На мой взгляд, за время, проведенное мной за дверью, Гришка стал выглядеть значительно лучше. Нет, черные провалы под глазами никуда не исчезли, желтый цвет лица тоже сохранился, но вот впалые щеки украсил легкий румянец. Правда, настораживало несколько хрипловатое дыхание…

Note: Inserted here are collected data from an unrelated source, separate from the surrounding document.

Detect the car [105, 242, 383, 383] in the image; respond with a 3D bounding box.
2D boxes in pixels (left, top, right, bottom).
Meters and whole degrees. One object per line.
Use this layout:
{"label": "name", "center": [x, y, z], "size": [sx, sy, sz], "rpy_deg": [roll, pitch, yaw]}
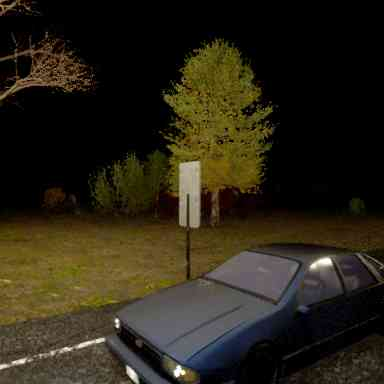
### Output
{"label": "car", "center": [1.526, 1.547, 5.091], "size": [5.357, 1.411, 2.033], "rpy_deg": [0, 0, -36]}
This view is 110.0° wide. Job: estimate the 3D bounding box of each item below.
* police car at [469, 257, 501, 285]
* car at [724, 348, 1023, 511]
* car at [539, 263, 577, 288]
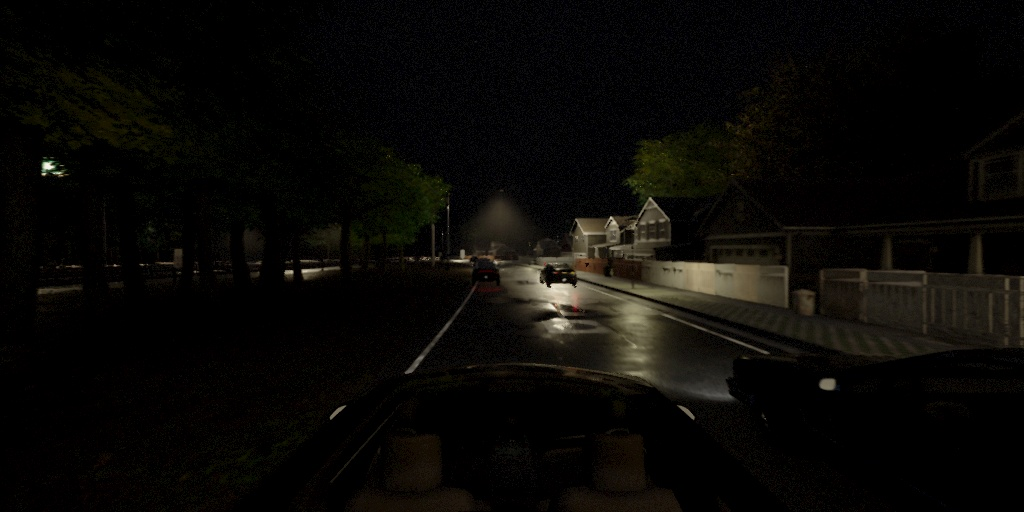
[{"bbox_3d":[-1.821,1.132,25.494,1.930,1.638,5.238,0,0,-4],"label":"police car"},{"bbox_3d":[3.584,1.291,2.009,2.033,1.411,5.357,0,0,0],"label":"car"},{"bbox_3d":[2.921,1.192,23.335,2.128,1.511,4.902,0,0,-3],"label":"car"}]
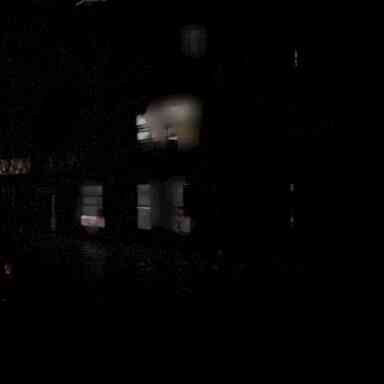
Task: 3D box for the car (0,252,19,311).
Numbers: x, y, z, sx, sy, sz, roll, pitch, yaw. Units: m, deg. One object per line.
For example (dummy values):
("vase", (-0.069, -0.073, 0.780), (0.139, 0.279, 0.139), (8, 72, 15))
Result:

Я дала себе твердое слово не терзать больного вопросами. Да и вклиниваться в неторопливый рассказ Веры о делах семейных было верхом нахальства. В тоже время стоять у кровати столбом и без конца улыбаться не хотелось. Хотелось принести хоть какую-то пользу. Наташка, например, насильно поила Гришку из маленького чайничка с носиком собственноручно приготовленной смесью гранатового сока с апельсиновым и яблочным. Когда успела сделать? И с чего я решила, что мои домашние котлеты Григорий сможет разжевать? Даже сок глотает, морщась от боли. Или это результат передозировки?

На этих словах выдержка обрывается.